Finite Difference Methods in Financial Engineering

Finite Difference Methods in Financial Engineering
Author: Daniel J. Duffy
Publisher: John Wiley & Sons
Total Pages: 452
Release: 2013-10-28
Genre: Business & Economics
ISBN: 1118856481

Download Finite Difference Methods in Financial Engineering Book in PDF, Epub and Kindle

The world of quantitative finance (QF) is one of the fastest growing areas of research and its practical applications to derivatives pricing problem. Since the discovery of the famous Black-Scholes equation in the 1970's we have seen a surge in the number of models for a wide range of products such as plain and exotic options, interest rate derivatives, real options and many others. Gone are the days when it was possible to price these derivatives analytically. For most problems we must resort to some kind of approximate method. In this book we employ partial differential equations (PDE) to describe a range of one-factor and multi-factor derivatives products such as plain European and American options, multi-asset options, Asian options, interest rate options and real options. PDE techniques allow us to create a framework for modeling complex and interesting derivatives products. Having defined the PDE problem we then approximate it using the Finite Difference Method (FDM). This method has been used for many application areas such as fluid dynamics, heat transfer, semiconductor simulation and astrophysics, to name just a few. In this book we apply the same techniques to pricing real-life derivative products. We use both traditional (or well-known) methods as well as a number of advanced schemes that are making their way into the QF literature: Crank-Nicolson, exponentially fitted and higher-order schemes for one-factor and multi-factor options Early exercise features and approximation using front-fixing, penalty and variational methods Modelling stochastic volatility models using Splitting methods Critique of ADI and Crank-Nicolson schemes; when they work and when they don't work Modelling jumps using Partial Integro Differential Equations (PIDE) Free and moving boundary value problems in QF Included with the book is a CD containing information on how to set up FDM algorithms, how to map these algorithms to C++ as well as several working programs for one-factor and two-factor models.
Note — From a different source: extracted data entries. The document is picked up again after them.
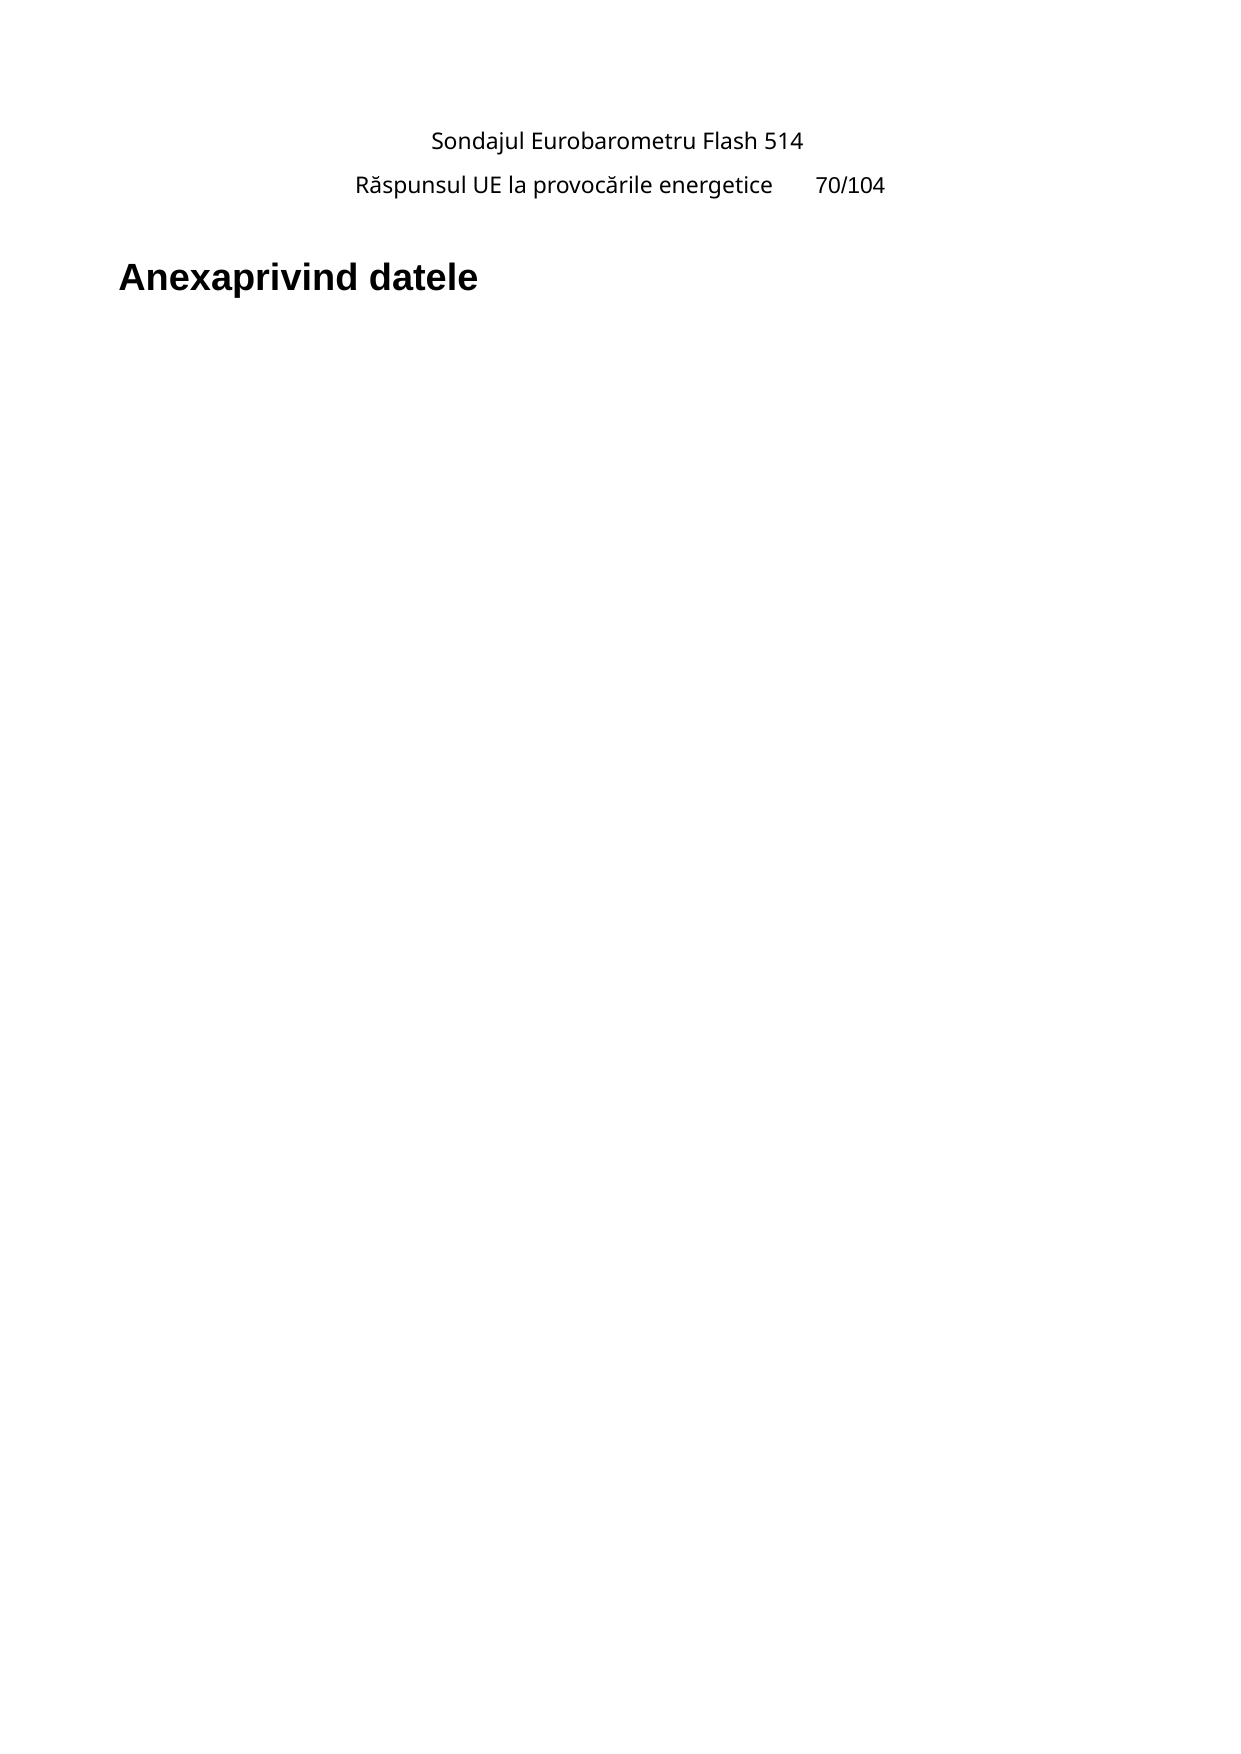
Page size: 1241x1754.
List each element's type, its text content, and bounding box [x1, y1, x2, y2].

subtitle Anexaprivind datele [118, 254, 1122, 298]
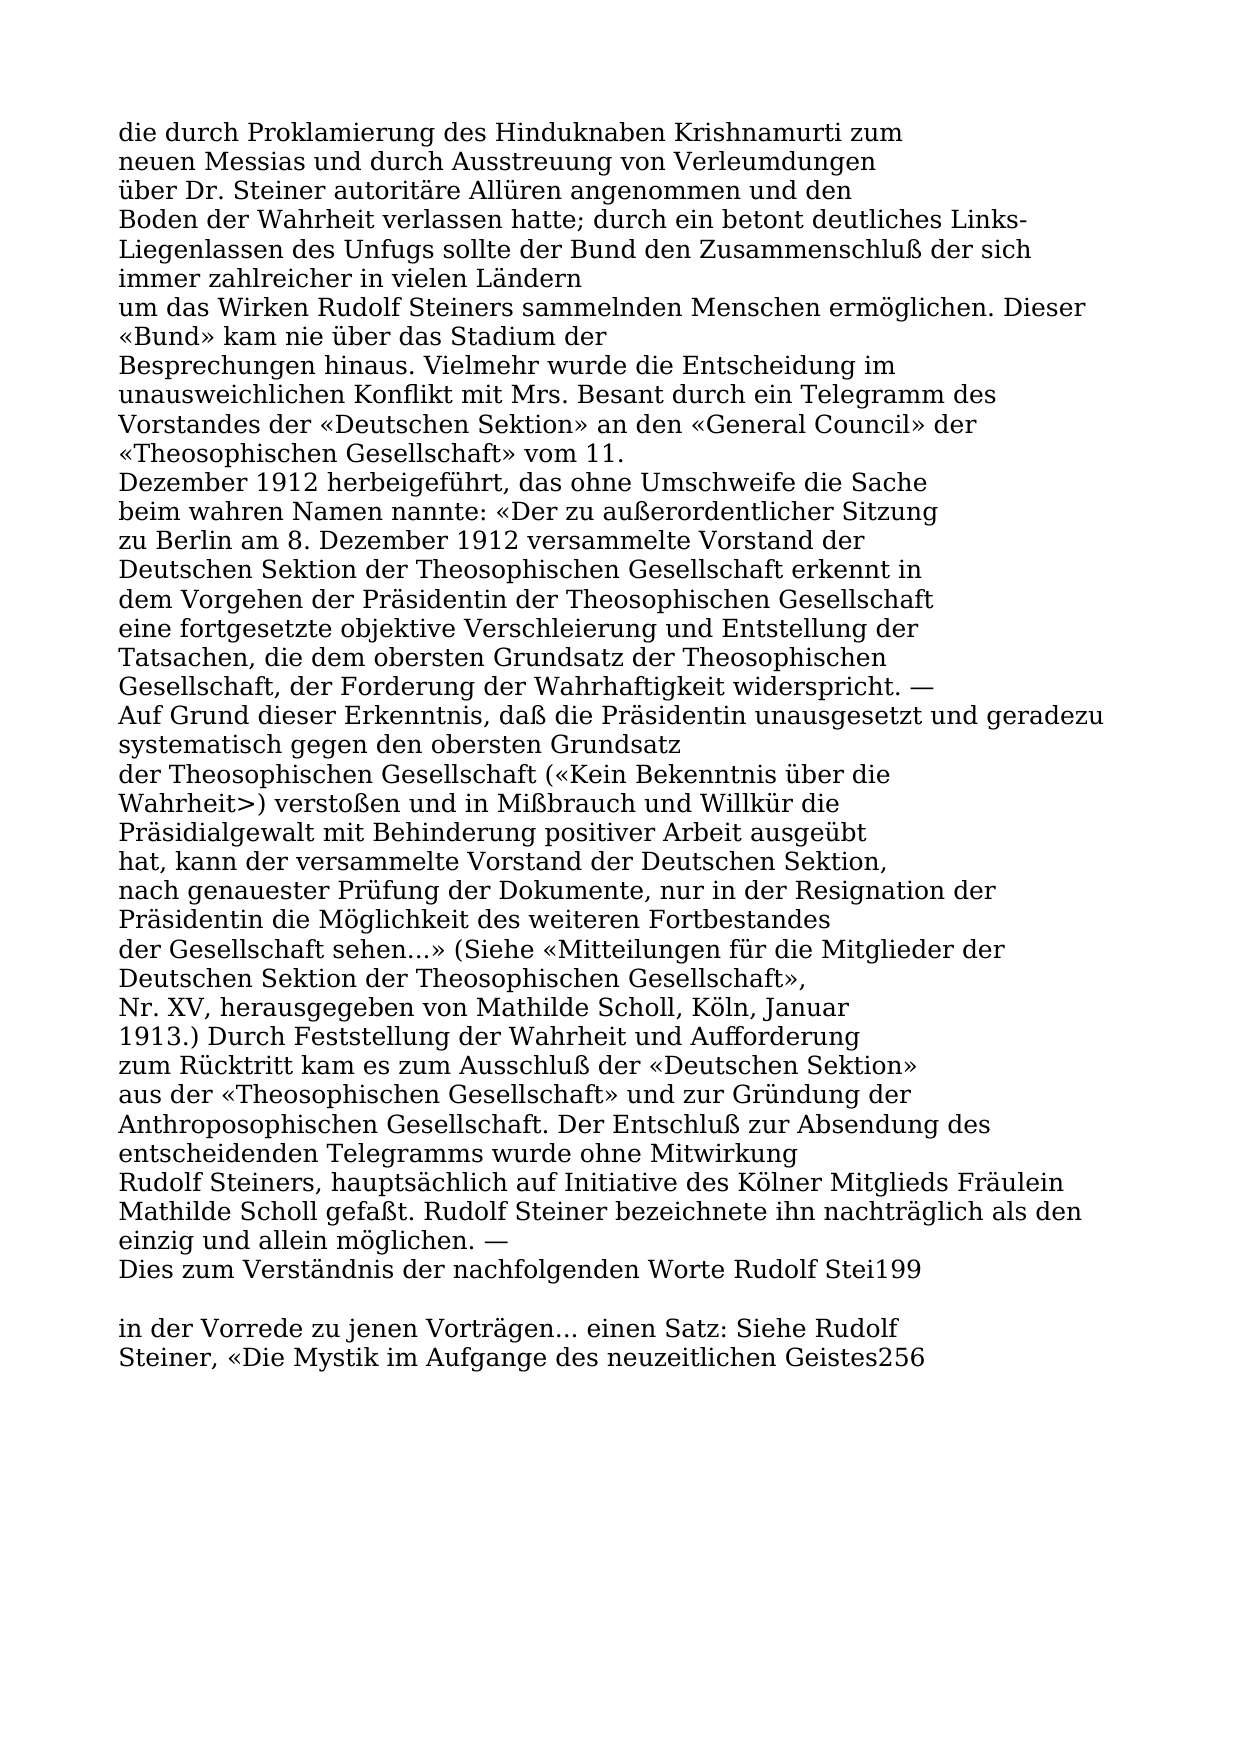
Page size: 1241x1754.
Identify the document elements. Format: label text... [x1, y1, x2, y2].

text eine fortgesetzte objektive Verschleierung und Entstellung der [118, 614, 1122, 643]
text Auf Grund dieser Erkenntnis, daß die Präsidentin unausgesetzt und geradezu systematisch gegen den obersten Grundsatz [118, 701, 1122, 760]
text die durch Proklamierung des Hinduknaben Krishnamurti zum [118, 118, 1122, 147]
text der Theosophischen Gesellschaft («Kein Bekenntnis über die [118, 760, 1122, 789]
text Rudolf Steiners, hauptsächlich auf Initiative des Kölner Mitglieds Fräulein Mathilde Scholl gefaßt. Rudolf Steiner bezeichnete ihn nachträglich als den einzig und allein möglichen. — [118, 1168, 1122, 1256]
text neuen Messias und durch Ausstreuung von Verleumdungen [118, 147, 1122, 176]
text um das Wirken Rudolf Steiners sammelnden Menschen ermöglichen. Dieser «Bund» kam nie über das Stadium der [118, 293, 1122, 351]
text Anthroposophischen Gesellschaft. Der Entschluß zur Absendung des entscheidenden Telegramms wurde ohne Mitwirkung [118, 1110, 1122, 1168]
text Dezember 1912 herbeigeführt, das ohne Umschweife die Sache [118, 468, 1122, 497]
text Nr. XV, herausgegeben von Mathilde Scholl, Köln, Januar [118, 993, 1122, 1022]
text hat, kann der versammelte Vorstand der Deutschen Sektion, [118, 847, 1122, 876]
text Boden der Wahrheit verlassen hatte; durch ein betont deutliches Links-Liegenlassen des Unfugs sollte der Bund den Zusammenschluß der sich immer zahlreicher in vielen Ländern [118, 206, 1122, 293]
text Deutschen Sektion der Theosophischen Gesellschaft erkennt in [118, 556, 1122, 585]
text dem Vorgehen der Präsidentin der Theosophischen Gesellschaft [118, 585, 1122, 614]
text Besprechungen hinaus. Vielmehr wurde die Entscheidung im [118, 351, 1122, 381]
text 1913.) Durch Feststellung der Wahrheit und Aufforderung [118, 1022, 1122, 1051]
text Tatsachen, die dem obersten Grundsatz der Theosophischen [118, 643, 1122, 672]
text beim wahren Namen nannte: «Der zu außerordentlicher Sitzung [118, 497, 1122, 526]
text unausweichlichen Konflikt mit Mrs. Besant durch ein Telegramm des Vorstandes der «Deutschen Sektion» an den «General Council» der «Theosophischen Gesellschaft» vom 11. [118, 381, 1122, 468]
text Präsidialgewalt mit Behinderung positiver Arbeit ausgeübt [118, 818, 1122, 847]
text Steiner, «Die Mystik im Aufgange des neuzeitlichen Geistes256 [118, 1343, 1122, 1372]
text nach genauester Prüfung der Dokumente, nur in der Resignation der Präsidentin die Möglichkeit des weiteren Fortbestandes [118, 876, 1122, 935]
text über Dr. Steiner autoritäre Allüren angenommen und den [118, 176, 1122, 206]
text Dies zum Verständnis der nachfolgenden Worte Rudolf Stei199 [118, 1256, 1122, 1285]
text zu Berlin am 8. Dezember 1912 versammelte Vorstand der [118, 526, 1122, 556]
text Gesellschaft, der Forderung der Wahrhaftigkeit widerspricht. — [118, 672, 1122, 701]
text aus der «Theosophischen Gesellschaft» und zur Gründung der [118, 1081, 1122, 1110]
text der Gesellschaft sehen...» (Siehe «Mitteilungen für die Mitglieder der Deutschen Sektion der Theosophischen Gesellschaft», [118, 935, 1122, 993]
text zum Rücktritt kam es zum Ausschluß der «Deutschen Sektion» [118, 1051, 1122, 1081]
text Wahrheit>) verstoßen und in Mißbrauch und Willkür die [118, 789, 1122, 818]
text in der Vorrede zu jenen Vorträgen... einen Satz: Siehe Rudolf [118, 1314, 1122, 1343]
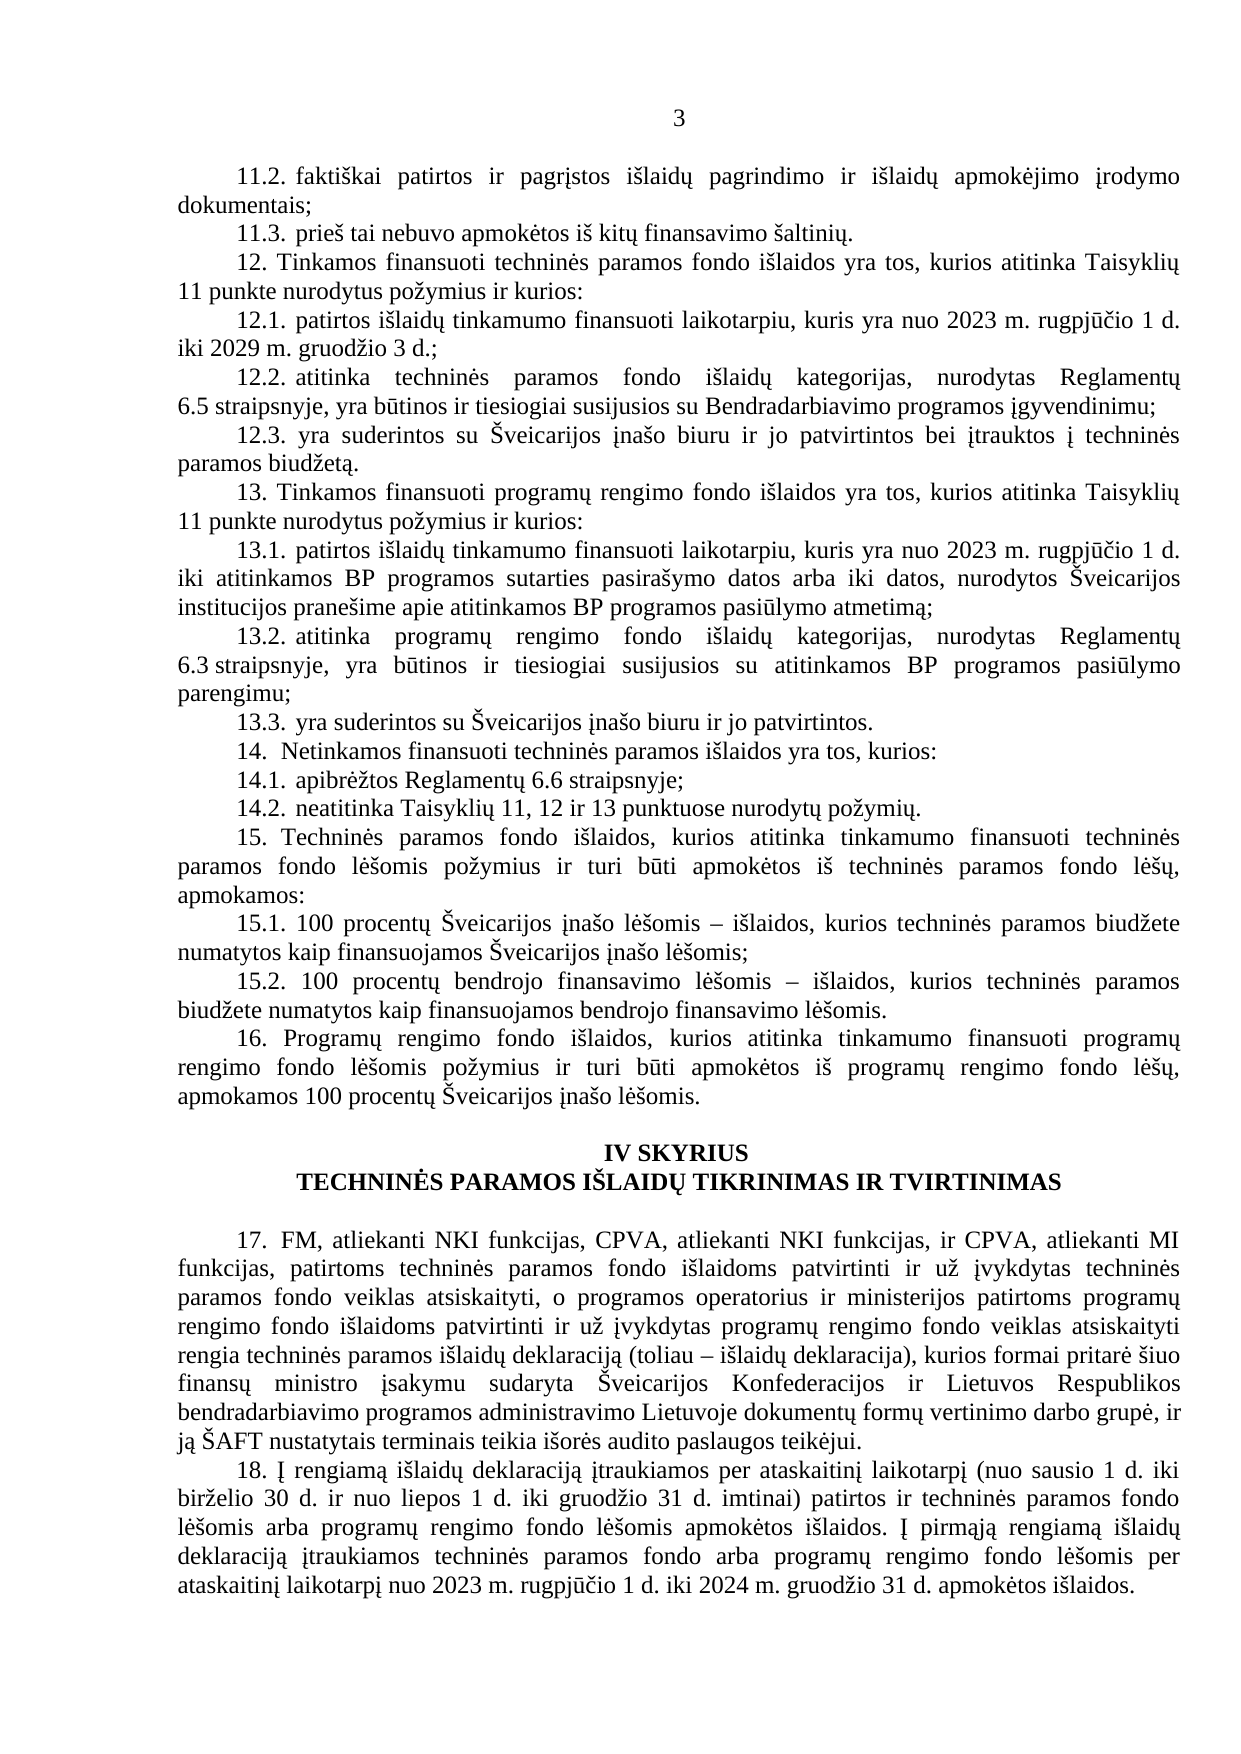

We also provide source code so that you can customize the applications to suit your own needs.

Statistical Models and Methods for Financial Markets

Statistical Models and Methods for Financial Markets
Author: Tze Leung Lai
Publisher: Springer Science & Business Media
Total Pages: 363
Release: 2008-07-25
Genre: Business & Economics
ISBN: 0387778268

Download Statistical Models and Methods for Financial Markets Book in PDF, Epub and Kindle

The idea of writing this bookarosein 2000when the ?rst author wasassigned to teach the required course STATS 240 (Statistical Methods in Finance) in the new M. S. program in ?nancial mathematics at Stanford, which is an interdisciplinary program that aims to provide a master’s-level education in applied mathematics, statistics, computing, ?nance, and economics. Students in the programhad di?erent backgroundsin statistics. Some had only taken a basic course in statistical inference, while others had taken a broad spectrum of M. S. - and Ph. D. -level statistics courses. On the other hand, all of them had already taken required core courses in investment theory and derivative pricing, and STATS 240 was supposed to link the theory and pricing formulas to real-world data and pricing or investment strategies. Besides students in theprogram,thecoursealso attractedmanystudentsfromother departments in the university, further increasing the heterogeneity of students, as many of them had a strong background in mathematical and statistical modeling from the mathematical, physical, and engineering sciences but no previous experience in ?nance. To address the diversity in background but common strong interest in the subject and in a potential career as a “quant” in the ?nancialindustry,thecoursematerialwascarefullychosennotonlytopresent basic statistical methods of importance to quantitative ?nance but also to summarize domain knowledge in ?nance and show how it can be combined with statistical modeling in ?nancial analysis and decision making. The course material evolved over the years, especially after the second author helped as the head TA during the years 2004 and 2005.